Supplied information START

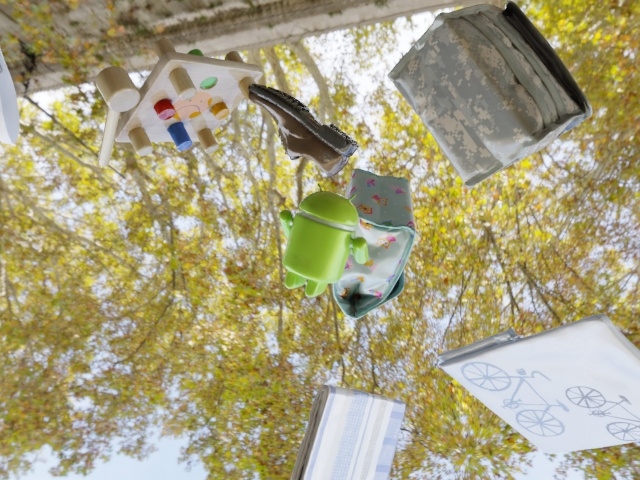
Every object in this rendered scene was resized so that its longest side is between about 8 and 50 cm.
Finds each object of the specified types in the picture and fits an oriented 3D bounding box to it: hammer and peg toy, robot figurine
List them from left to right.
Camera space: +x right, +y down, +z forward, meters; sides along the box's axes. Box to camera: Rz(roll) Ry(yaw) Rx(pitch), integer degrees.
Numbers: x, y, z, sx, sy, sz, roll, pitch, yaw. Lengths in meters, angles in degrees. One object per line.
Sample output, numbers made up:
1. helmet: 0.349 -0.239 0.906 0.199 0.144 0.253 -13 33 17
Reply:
1. hammer and peg toy: -0.318 -0.284 1.050 0.266 0.361 0.127 -37 -104 37
2. robot figurine: 0.000 0.000 0.537 0.101 0.067 0.115 20 -82 19

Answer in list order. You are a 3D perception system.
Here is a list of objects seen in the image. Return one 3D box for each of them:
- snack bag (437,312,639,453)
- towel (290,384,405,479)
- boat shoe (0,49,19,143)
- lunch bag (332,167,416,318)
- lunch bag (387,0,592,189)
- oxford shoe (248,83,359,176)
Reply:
1. snack bag: 0.431 0.259 0.892 0.323 0.342 0.037 40 -131 -11
2. towel: 0.061 0.394 0.980 0.034 0.285 0.209 8 -104 43
3. boat shoe: -0.549 -0.262 0.810 0.076 0.228 0.080 -3 -140 -9
4. lunch bag: 0.108 0.013 1.109 0.160 0.262 0.223 11 -147 -2
5. lunch bag: 0.296 -0.248 0.824 0.287 0.169 0.235 -29 -97 -38
6. oxford shoe: -0.049 -0.193 0.892 0.227 0.083 0.096 40 -66 13
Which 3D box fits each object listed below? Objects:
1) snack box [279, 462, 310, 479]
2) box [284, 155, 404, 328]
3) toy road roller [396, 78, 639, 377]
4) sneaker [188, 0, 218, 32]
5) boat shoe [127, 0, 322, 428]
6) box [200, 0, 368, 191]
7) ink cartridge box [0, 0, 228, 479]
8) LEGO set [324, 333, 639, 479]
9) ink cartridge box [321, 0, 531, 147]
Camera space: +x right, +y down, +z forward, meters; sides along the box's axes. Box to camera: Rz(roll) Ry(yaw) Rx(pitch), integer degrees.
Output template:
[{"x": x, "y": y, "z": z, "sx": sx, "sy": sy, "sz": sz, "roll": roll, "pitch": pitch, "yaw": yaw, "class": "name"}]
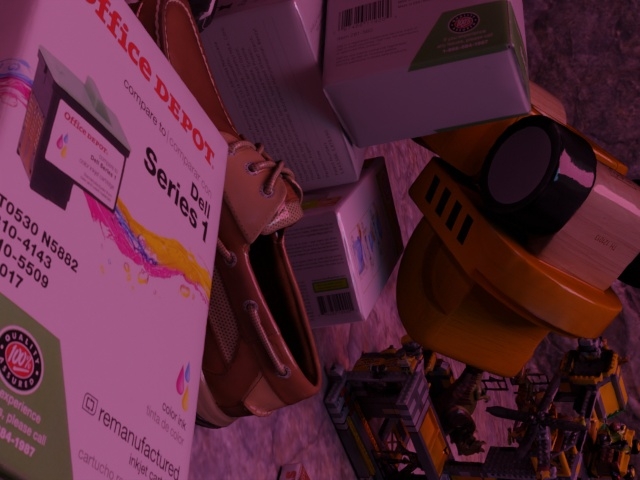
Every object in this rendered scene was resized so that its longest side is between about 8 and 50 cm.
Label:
[{"x": -0.030, "y": 0.280, "z": 0.876, "sx": 0.178, "sy": 0.022, "sz": 0.064, "roll": -75, "pitch": 151, "yaw": -51, "class": "snack box"}, {"x": 0.000, "y": 0.000, "z": 0.958, "sx": 0.203, "sy": 0.114, "sz": 0.103, "roll": -50, "pitch": 128, "yaw": -66, "class": "box"}, {"x": 0.167, "y": -0.023, "z": 0.993, "sx": 0.203, "sy": 0.240, "sz": 0.329, "roll": 24, "pitch": 21, "yaw": -32, "class": "toy road roller"}, {"x": -0.107, "y": -0.252, "z": 0.851, "sx": 0.077, "sy": 0.072, "sz": 0.178, "roll": 36, "pitch": 51, "yaw": -73, "class": "sneaker"}, {"x": -0.069, "y": -0.023, "z": 0.765, "sx": 0.122, "sy": 0.120, "sz": 0.323, "roll": -34, "pitch": 113, "yaw": -69, "class": "boat shoe"}, {"x": -0.030, "y": -0.162, "z": 0.946, "sx": 0.181, "sy": 0.119, "sz": 0.181, "roll": -72, "pitch": 146, "yaw": -54, "class": "box"}, {"x": -0.150, "y": 0.008, "z": 0.524, "sx": 0.201, "sy": 0.117, "sz": 0.278, "roll": 56, "pitch": 30, "yaw": -50, "class": "ink cartridge box"}, {"x": 0.164, "y": 0.154, "z": 1.102, "sx": 0.255, "sy": 0.331, "sz": 0.192, "roll": -51, "pitch": 130, "yaw": -39, "class": "LEGO set"}, {"x": 0.093, "y": -0.205, "z": 0.890, "sx": 0.092, "sy": 0.160, "sz": 0.219, "roll": 56, "pitch": 32, "yaw": -50, "class": "ink cartridge box"}]

Supplied information END

■ **Your instructions**
Return every entry above word for word, leaving pictures out.

■ **Exercise output**
Every object in this rendered scene was resized so that its longest side is between about 8 and 50 cm.
Finds each object of the specified types in the picture and fits an oriented 3D bounding box to it: hammer and peg toy, robot figurine
List them from left to right.
Camera space: +x right, +y down, +z forward, meters; sides along the box's axes. Box to camera: Rz(roll) Ry(yaw) Rx(pitch), integer degrees.
Numbers: x, y, z, sx, sy, sz, roll, pitch, yaw. Lengths in meters, angles in degrees. One object per line.
Sample output, numbers made up:
1. helmet: 0.349 -0.239 0.906 0.199 0.144 0.253 -13 33 17
Reply:
1. hammer and peg toy: -0.318 -0.284 1.050 0.266 0.361 0.127 -37 -104 37
2. robot figurine: 0.000 0.000 0.537 0.101 0.067 0.115 20 -82 19

Answer in list order. You are a 3D perception system.
Here is a list of objects seen in the image. Return one 3D box for each of them:
- snack bag (437,312,639,453)
- towel (290,384,405,479)
- boat shoe (0,49,19,143)
- lunch bag (332,167,416,318)
- lunch bag (387,0,592,189)
- oxford shoe (248,83,359,176)
Reply:
1. snack bag: 0.431 0.259 0.892 0.323 0.342 0.037 40 -131 -11
2. towel: 0.061 0.394 0.980 0.034 0.285 0.209 8 -104 43
3. boat shoe: -0.549 -0.262 0.810 0.076 0.228 0.080 -3 -140 -9
4. lunch bag: 0.108 0.013 1.109 0.160 0.262 0.223 11 -147 -2
5. lunch bag: 0.296 -0.248 0.824 0.287 0.169 0.235 -29 -97 -38
6. oxford shoe: -0.049 -0.193 0.892 0.227 0.083 0.096 40 -66 13
Which 3D box fits each object listed below? Objects:
1) snack box [279, 462, 310, 479]
2) box [284, 155, 404, 328]
3) toy road roller [396, 78, 639, 377]
4) sneaker [188, 0, 218, 32]
5) boat shoe [127, 0, 322, 428]
6) box [200, 0, 368, 191]
7) ink cartridge box [0, 0, 228, 479]
8) LEGO set [324, 333, 639, 479]
9) ink cartridge box [321, 0, 531, 147]
Camera space: +x right, +y down, +z forward, meters; sides along the box's axes. Box to camera: Rz(roll) Ry(yaw) Rx(pitch), integer degrees.
Output template:
[{"x": x, "y": y, "z": z, "sx": sx, "sy": sy, "sz": sz, "roll": roll, "pitch": pitch, "yaw": yaw, "class": "name"}]
Every object in this rendered scene was resized so that its longest side is between about 8 and 50 cm.
Label:
[{"x": -0.030, "y": 0.280, "z": 0.876, "sx": 0.178, "sy": 0.022, "sz": 0.064, "roll": -75, "pitch": 151, "yaw": -51, "class": "snack box"}, {"x": 0.000, "y": 0.000, "z": 0.958, "sx": 0.203, "sy": 0.114, "sz": 0.103, "roll": -50, "pitch": 128, "yaw": -66, "class": "box"}, {"x": 0.167, "y": -0.023, "z": 0.993, "sx": 0.203, "sy": 0.240, "sz": 0.329, "roll": 24, "pitch": 21, "yaw": -32, "class": "toy road roller"}, {"x": -0.107, "y": -0.252, "z": 0.851, "sx": 0.077, "sy": 0.072, "sz": 0.178, "roll": 36, "pitch": 51, "yaw": -73, "class": "sneaker"}, {"x": -0.069, "y": -0.023, "z": 0.765, "sx": 0.122, "sy": 0.120, "sz": 0.323, "roll": -34, "pitch": 113, "yaw": -69, "class": "boat shoe"}, {"x": -0.030, "y": -0.162, "z": 0.946, "sx": 0.181, "sy": 0.119, "sz": 0.181, "roll": -72, "pitch": 146, "yaw": -54, "class": "box"}, {"x": -0.150, "y": 0.008, "z": 0.524, "sx": 0.201, "sy": 0.117, "sz": 0.278, "roll": 56, "pitch": 30, "yaw": -50, "class": "ink cartridge box"}, {"x": 0.164, "y": 0.154, "z": 1.102, "sx": 0.255, "sy": 0.331, "sz": 0.192, "roll": -51, "pitch": 130, "yaw": -39, "class": "LEGO set"}, {"x": 0.093, "y": -0.205, "z": 0.890, "sx": 0.092, "sy": 0.160, "sz": 0.219, "roll": 56, "pitch": 32, "yaw": -50, "class": "ink cartridge box"}]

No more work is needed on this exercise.